8/12/19, CA 3: C086160
TCT order terminating parental rights and freeing minor for adoption conditionally reversed and remanded based on failure to comply with notice requirements of ICWA. CtA rejected arguments by County that notice requirement can only be challenged by a petition for invalidation and that such a petition can only be brought by parents of an Indian child (not a potential Indian child). “[H]aving reason to know the minor may be an Indian child, the juvenile court ordered the County to provide notice to the [tribe] in accordance with the ICWA.” CtA then found notice given was inadequate as County gave notice of only one hearing, and not subsequent hearings.
In re L.C.
8/12/19, CA 2/1: B294490
“In this appeal, we hold that evidence of a legal guardian’s occasional methamphetamine use outside the legal guardian’s home and while the child was in the care of another adult in the home does not support dependency jurisdiction under Welfare and Institutions Code section 300, subdivision (b). No substantial evidence showed that the legal guardian abused methamphetamine, and no substantial evidence showed that the child was at risk of serious physical harm. We therefore reverse the juvenile court’s jurisdictional order.”
In re A.E.
8/21/19, CA 4/2: E070578
Children appeal dispositional order granting reunification services to their parents after TCT found that reunification services should not be bypassed under WIC 361.5(b)(5) & (6) as “reunification was in the best interest of the children, services would likely prevent reabuse, and it would be detrimental not to provide them[,]” thus permitting reunification under WIC 361.5(c). Reversed. As to 5 of the children, “In sum, the record contains no evidence that reunification services could lead to adequate protection of the children and hence no evidence that reunification services would be in the children’s best interest, given Father’s and Mother’s ongoing insistence that all of the physical abuse allegations were false.” As to the 6th child, the TCT was required to prohibit reunification in the absence of competent testimony that services are likely to present reabuse or continued neglect of the child. Under WIC 361.5(c)(3), “the term ‘testimony’ refers to in-court oral statements of live witness, not to other forms of evidence.” The record contained no competent testimony to support the finding, requiring reversal of the TCT.
In re J.F.
8/26/19, CA4/2: E072301
F files notice of appeal expressly stating he was appealing order terminating his parental rights only. During appeal, F also sought to challenge dependency court order denying him reunification services with sons pursuant to WIC 388. CtA held it “cannot liberally construe it to embrace the omitted order denying the section 388 petition,” and therefore lacked jurisdiction over the WIC 388 issue. As F presented “no reasoned argument why the juvenile court erred by terminating his parental rights, father has waived his challenge to the sole order properly before us.” Judgment denying WIC 388 petition therefore affirmed.

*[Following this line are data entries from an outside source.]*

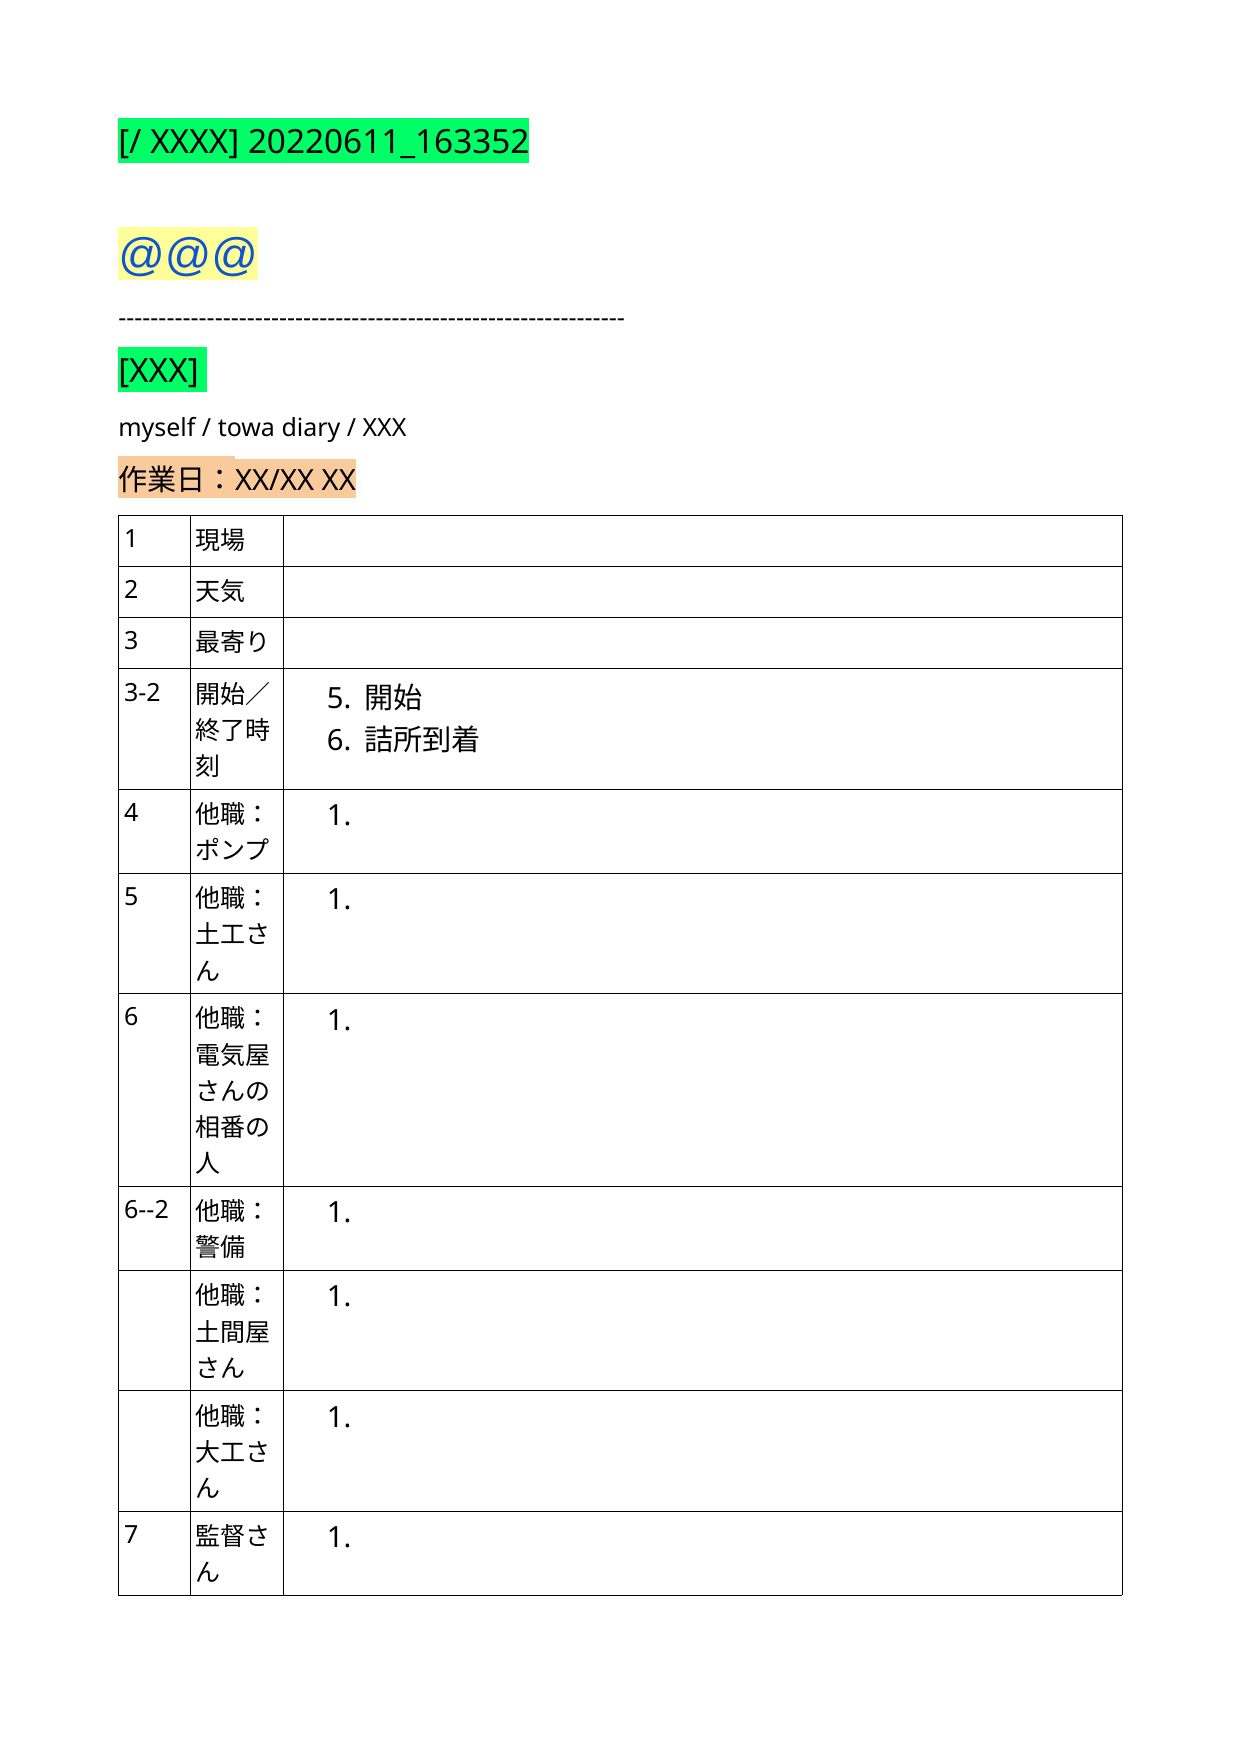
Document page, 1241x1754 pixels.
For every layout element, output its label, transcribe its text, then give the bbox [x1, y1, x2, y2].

table_cell [284, 1391, 1122, 1511]
table_cell 他職：大工さん [191, 1391, 283, 1511]
table_cell 5 [119, 874, 190, 993]
table_cell 他職：土間屋さん [191, 1271, 283, 1390]
table_cell 2 [119, 567, 190, 617]
table_cell [284, 1512, 1122, 1594]
table_cell [284, 1271, 1122, 1390]
text myself / towa diary / XXX [118, 409, 1122, 444]
table_cell [119, 1271, 190, 1390]
text 作業日：XX/XX XX [118, 456, 1122, 498]
table_cell 他職：警備 [191, 1187, 283, 1270]
table_header 現場 [191, 516, 283, 566]
table_cell 6--2 [119, 1187, 190, 1270]
table_cell 3-2 [119, 669, 190, 789]
table_cell [284, 874, 1122, 993]
table_cell 他職：電気屋さんの相番の人 [191, 994, 283, 1186]
text [/ XXXX] 20220611_163352 [118, 118, 1122, 163]
table_cell [284, 567, 1122, 617]
table_cell [284, 1187, 1122, 1270]
table_cell 開始／終了時刻 [191, 669, 283, 789]
table_cell 監督さん [191, 1512, 283, 1594]
table_cell 6 [119, 994, 190, 1186]
table_header [284, 516, 1122, 566]
table_cell [284, 790, 1122, 873]
table_cell 3 [119, 618, 190, 668]
text @@@ [118, 227, 1122, 280]
table_header 1 [119, 516, 190, 566]
table_cell 他職：ポンプ [191, 790, 283, 873]
text [XXX] [118, 347, 1122, 392]
text --------------------------------------------------------------- [118, 300, 1122, 334]
table_cell 4 [119, 790, 190, 873]
table_cell [284, 618, 1122, 668]
table_cell 最寄り [191, 618, 283, 668]
table_cell 天気 [191, 567, 283, 617]
table_cell 他職：土工さん [191, 874, 283, 993]
table_cell [119, 1391, 190, 1511]
table_cell 開始 詰所到着 [284, 669, 1122, 789]
table_cell [284, 994, 1122, 1186]
table_cell 7 [119, 1512, 190, 1594]
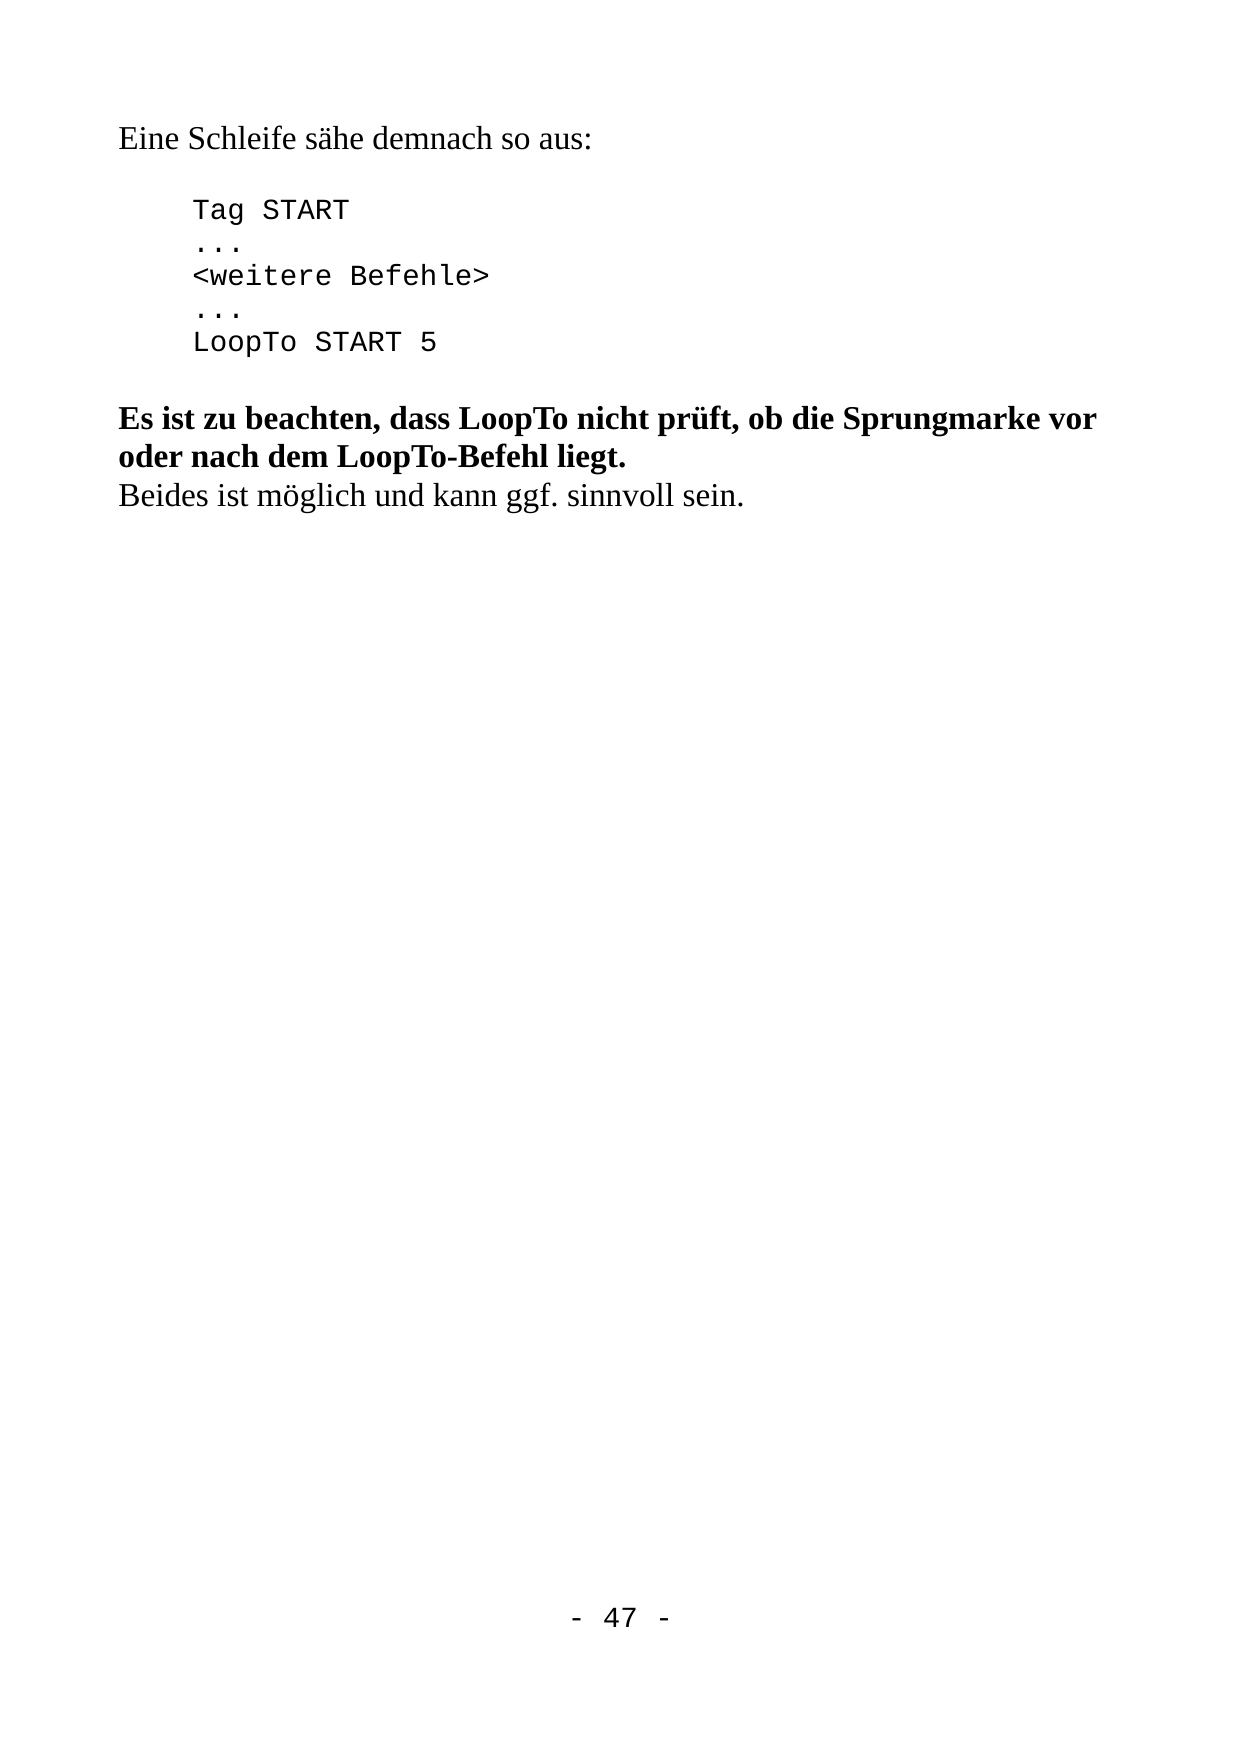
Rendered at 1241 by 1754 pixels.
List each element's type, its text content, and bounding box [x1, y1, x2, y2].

Marriage of Sahafzadeh-Taeb & Taeb
8/26/19, CA 1/1: A152178
Sanctions imposed under CCP 128.5 affirmed as to attorney but reversed as to party after attorney failed to appear for trial. Amendments to CCP 128.5 made after San Diegans for Open Government v. City of San Diego permit imposition of sanctions under that section under a subjective bad faith test only, not the objective test applied in San Diegans.